REPIMPS-guided modelling of bovine rhodopsin and hGalR1
There is good agreement between the transmembrane regions of bovine rhodopsin determined from the crystal structure and the Baldwin template (Table 1): Superposition of the model for bovine rhodopsin derived from Baldwin template with the equivalent residues in the crystal structure gave an RMSD of 3.2 Å for the 198 Cα atoms, which suggests very similar arrangement of the helices . For individual helices, the RMSDs were largely due to nonidealities (unwindings, tightenings and kinks), translation perpendicular to the membrane, and helix rotation up to ~30° . Note that a small amphipathic helix is seen in the crystal structure following helix VII which is not present in the Baldwin template (Table 1). This helix is not predicted to be transmembrane but rather to lie on the cytoplasmic face of the membrane bilayer.

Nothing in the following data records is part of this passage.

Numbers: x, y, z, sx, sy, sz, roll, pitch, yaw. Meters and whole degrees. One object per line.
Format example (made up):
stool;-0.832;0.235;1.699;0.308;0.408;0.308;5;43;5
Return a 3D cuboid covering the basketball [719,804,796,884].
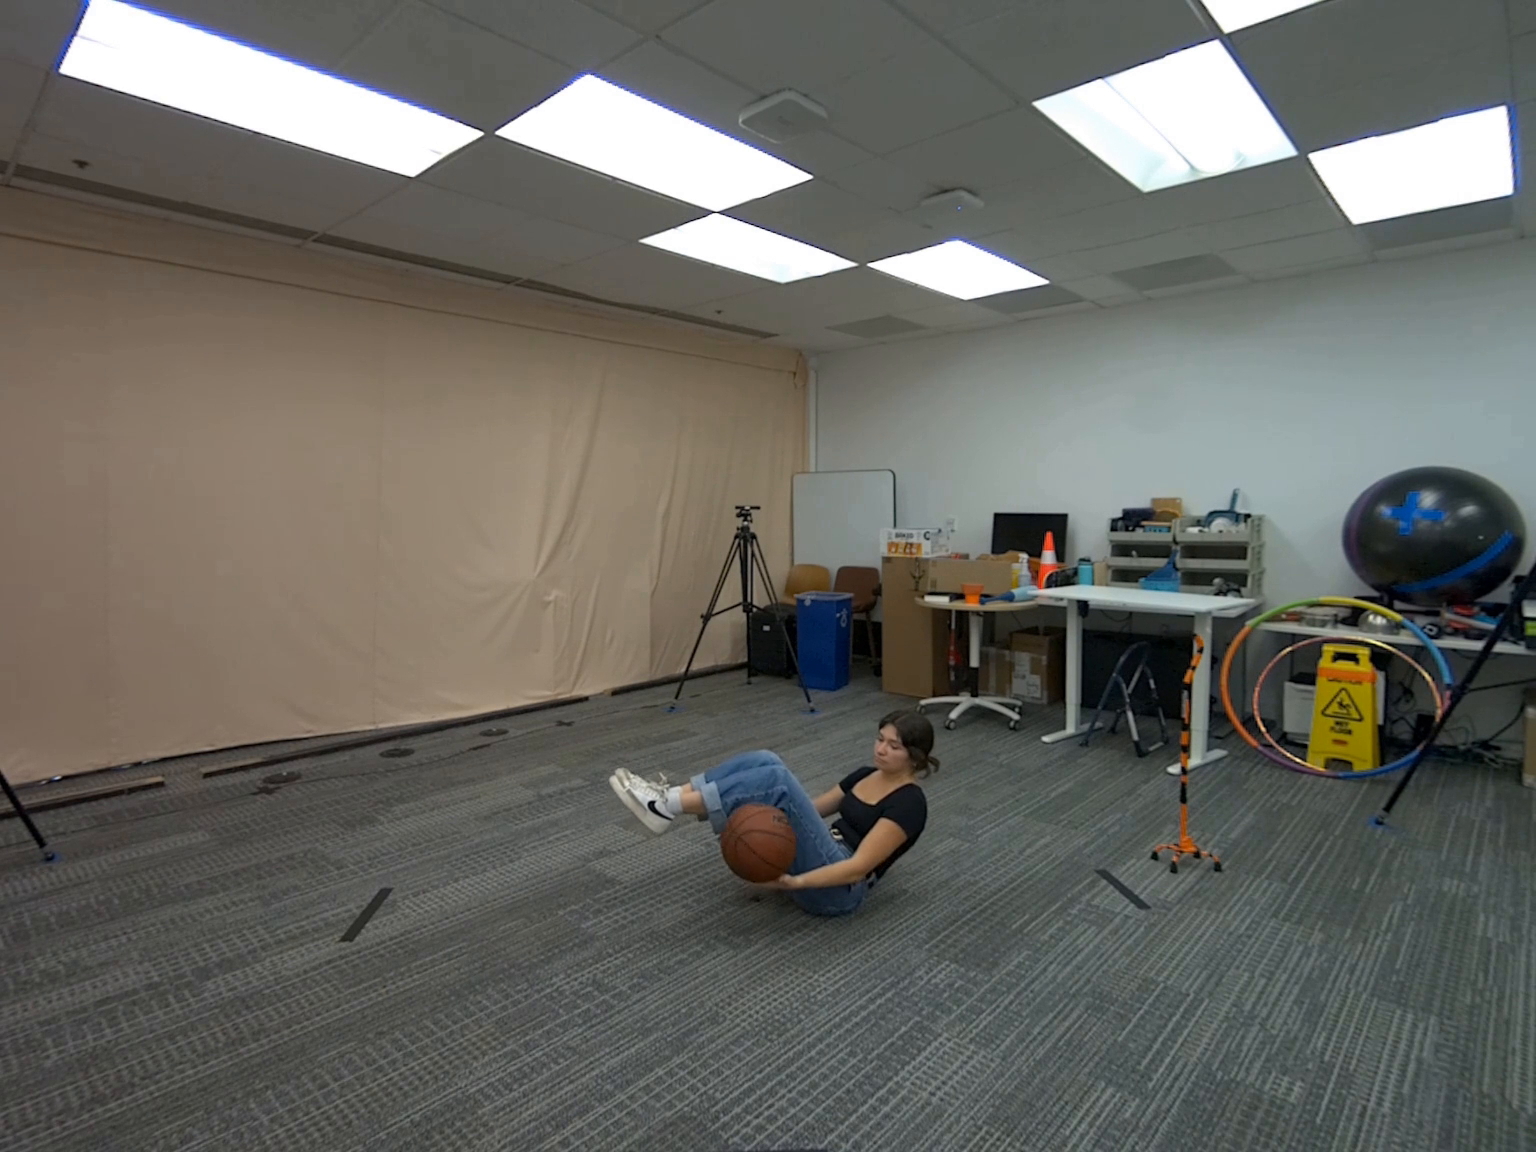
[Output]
basketball;-0.025;0.832;2.656;0.236;0.235;0.237;0;4;-2

The strong similarity between the crystal structure of bovine rhodopsin and the model derived from the Baldwin template suggests the template remains a useful starting point for further refinement of the structures of individual GPCRs. Indeed, the presence of nonidealities present in the crystal structure may be, in some cases a disadvantage since these are likely to be GPCR-specific.
We examined several in silico tools used to predict the position and number of transmembrane segments of IMPs and compared the results when these tools were applied to the sequence for the GPCR, hGalR1 (Table 1). The exact locations, length and number of transmembrane segments predicted by the different tools varied. For example, TopPred predicted 8 transmembrane segments for hGalR1 and the predicted location of Helix VII using the various methods was, in some cases, mutually exclusive. The hydrophobicity and hydrophobicity moments of the transmembrane segments of hGalR1 proposed by Baldwin et al.  were also calculated (Table 2) . The values of the moments were small, and consistent with values estimated for other IMPs .
Next, we used REPIMPS to consider a series of possible alignments of just the transmembrane segments of hGalR1 mapped onto the Baldwin template. The sequences used for the model building cover the sequence alignment postulated by Baldwin and four alternatives deviating from the Baldwin alignment by frameshifting the sequence by up to two positions in either direction, as shown for Helix I of hGalR1 in Table 3. This effectively generated models in which the helices were rotated along the helix axis and translated up and/or down relative to the other helices in the bundle. Using all possible combinations of the different sequences defined for the seven helices of hGalR1, a total of 78,125 models were generated.
The lipid-corrected compatibility score for the Baldwin consensus model of hGalR1, as determined by REPIMPS, was 85.5. Fig. 3A shows the distribution of scores for all 78,125 models. The mean score was 88.5 ± 5.9σ. 1934 models had scores greater than two standard deviations above this mean (values > 100.13) and were subjected to further structure refinement by searching for energetically favourable rotamers for the side chains. Fig. 3B compares the lipid-corrected compatibility scores for these models before and after structure refinement. On average, structure refinement reduced the scores by a mean value of 2.6 (Fig. 3C). The sequences of the transmembrane helices for the model of hGalR1 with the highest lipid-corrected compatibility score following structure refinement are shown in Table 4 and compared with sequences derived from the Baldwin template for this receptor.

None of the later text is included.